Monday, October 27, 2003
2 piano, 4 hands (Cleveland Play House)
Cleveland Play House hits right keyes in ‘2 PIANOS, 4 HANDS’
Alex Berko is 7 years old. He has had three piano recitals and has been asked to participate in a piano competitions. He has a bright future, right? Well, after watching Ted Dykstra and Richard Greenblatt’s ‘2 PIANOS 4 HANDS,’ Alex, and anyone else who has aspirations of being a top flight pianist, might have different thoughts. And anyone who has ever taken piano lessons, or knows anyone who has, will be carried back to those glorious (?) days.
Ted Dykstra and Richard Greenblatt are the subjects of their own play. They, in their own words, are “the best pianists in the neighborhood.” Neither of them started out that way. Much like Alex, as children they became fascinated with the piano, an instrument for which they apparently had great talent. As we follow their lives and careers in music we experience their musical journey from adolescence to adulthood. A journey that is filled with laughter, euphoria, pain and tears.
The CPH cast is composed of Mark Anders portraying Ted, and Carl Danielsen as Richard. The two are both excellent pianists and actors. Without such a talented cast, the play wouldn’t work. We need to see the two actually playing, mature through the years. Taped music just wouldn’t have done it. The playing of less accomplished performers also wouldn’t have worked. This is not a play that will be done by amateur groups. The whole task would be too daunting.
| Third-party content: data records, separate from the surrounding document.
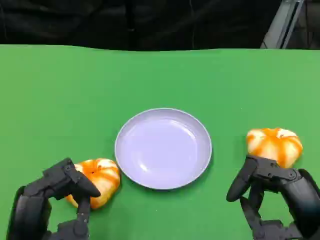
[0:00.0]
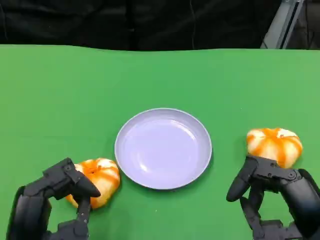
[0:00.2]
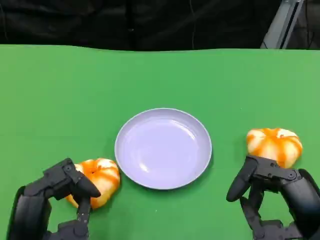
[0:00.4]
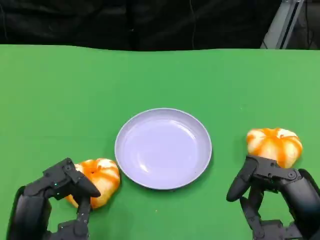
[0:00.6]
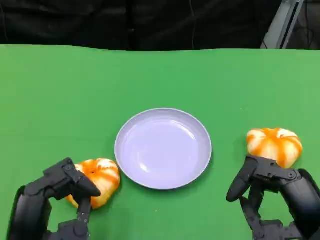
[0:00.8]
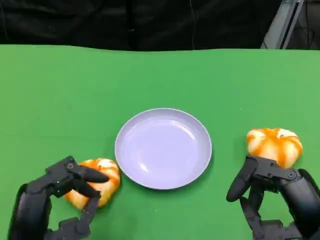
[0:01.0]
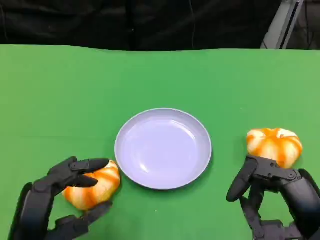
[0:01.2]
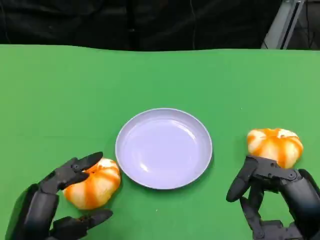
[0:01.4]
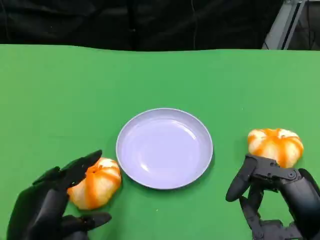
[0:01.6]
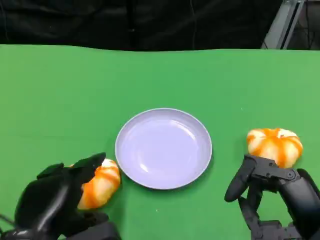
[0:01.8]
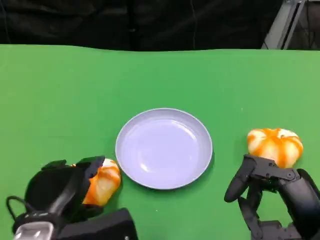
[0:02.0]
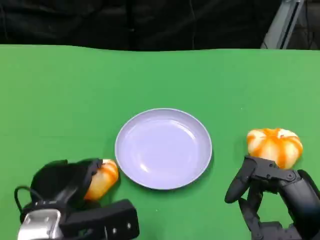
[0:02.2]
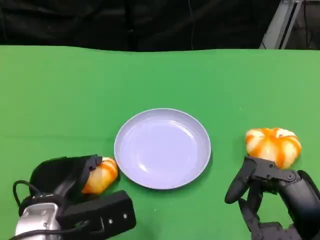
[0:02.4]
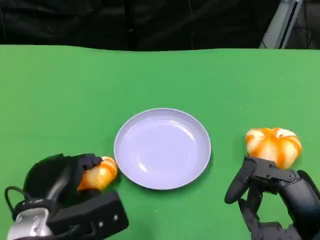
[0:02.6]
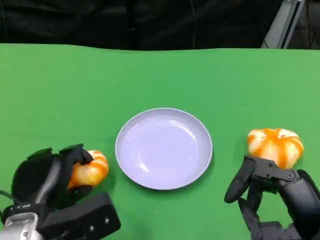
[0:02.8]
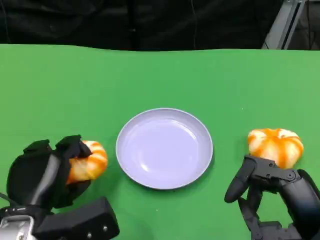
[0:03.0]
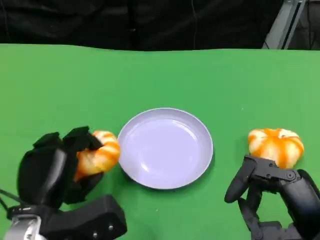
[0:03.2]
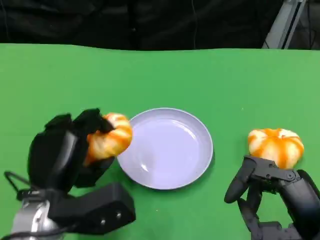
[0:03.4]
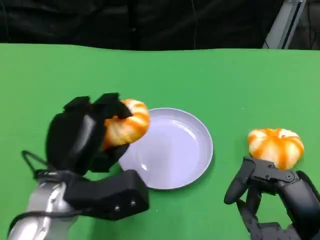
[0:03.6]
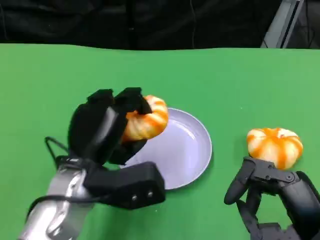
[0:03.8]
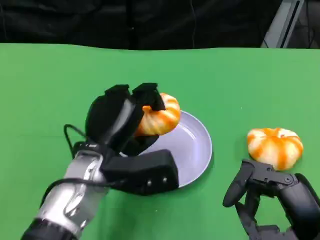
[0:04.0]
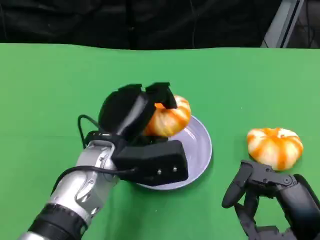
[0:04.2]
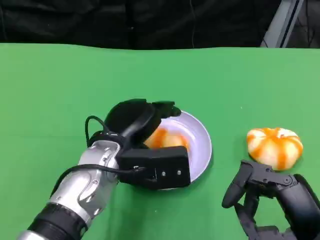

The audience is confronted by two grand pianos, nicely nestled in a room with plush royal blue walls and busts of Bach and Beethoven. Through flashbacks, we watch as the two are confronted by parents, teachers, professors and numerous others who invaded their real and musical lives. The two even musically and psychologically directly wrestle with each other at piano competitions and during their training.
The production is wonderful. It hits all the right keys. It is filled with great music, covering everything from Bach to Billy Joel, from Beethoven to jazz. The script, which centers around the music, allows us to experience the fun and pain of trying to achieve in the world of music.
CAPSULE JUDGEMENT: If you love classical music, if you appreciate fine performances, and are willing to expand your definition of what theatre should be, you’ll love ‘2 PIANOS, 4 HANDS.”